As organizações de notícias deveriam se posicionar como a alternativa confiável nesse caos. Notícias e informações em que se pode confiar são mais raras e mais necessárias do que nunca. O tipo produzido por equipes de profissionais experientes, apoiados por processos e padrões rigorosos. Segundo pesquisas, quando alguém quer verificar algo que encontrou e que acha que pode ser falso, a opção preferida é "uma fonte de notícias em que confio". Em último lugar na lista? Um chatbot de IA.

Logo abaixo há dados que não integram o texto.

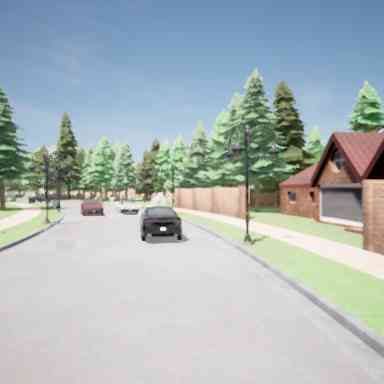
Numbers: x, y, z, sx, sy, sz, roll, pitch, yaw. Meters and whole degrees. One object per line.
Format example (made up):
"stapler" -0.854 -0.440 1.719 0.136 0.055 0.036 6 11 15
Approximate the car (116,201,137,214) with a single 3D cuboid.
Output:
"car" -6.918 1.553 35.363 1.895 1.301 4.718 0 0 -21

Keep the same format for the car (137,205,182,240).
"car" -1.684 1.449 16.858 1.882 1.535 5.008 0 0 -10

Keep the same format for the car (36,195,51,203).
"car" -29.894 1.436 66.958 1.837 1.490 4.892 0 0 -41

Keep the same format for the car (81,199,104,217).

Continuo convicto do valor criado por organizações de notícias de qualidade dedicadas ao trabalho difícil e caro do jornalismo original — para os leitores, para as comunidades, para a sociedade como um todo. E, sim, até para os modelos de IA.

Quem mais irá aos lugares onde os eventos estão se desdobrando? Quem nos trará relatos em primeira mão das linhas de frente de uma guerra? Quem nos equipará com informações confiáveis em uma crise de saúde pública? Quem vai expor a empresa de sucesso ou a carreira política construídas sobre uma mentira? Quem vai garantir que os debates sobre políticas econômicas sejam informados por seus impactos sobre pessoas reais? Quem mais pode enriquecer todo esse trabalho com conhecimento especializado duramente conquistado, que acrescenta perspectiva e contexto, e com compromissos profissionais profundamente enraizados de tornar cada matéria tão justa e precisa quanto possível?

A questão é se esse valor será sugado pelos gigantes tecnológicos — ou se voltará para as organizações de notícias, permitindo que continuem esse trabalho essencial.

Espero que todos vocês levem essa questão a sério. Acredito que o futuro das nossas organizações de notícias e a saúde da esfera pública dependem de como responderemos. Obrigado.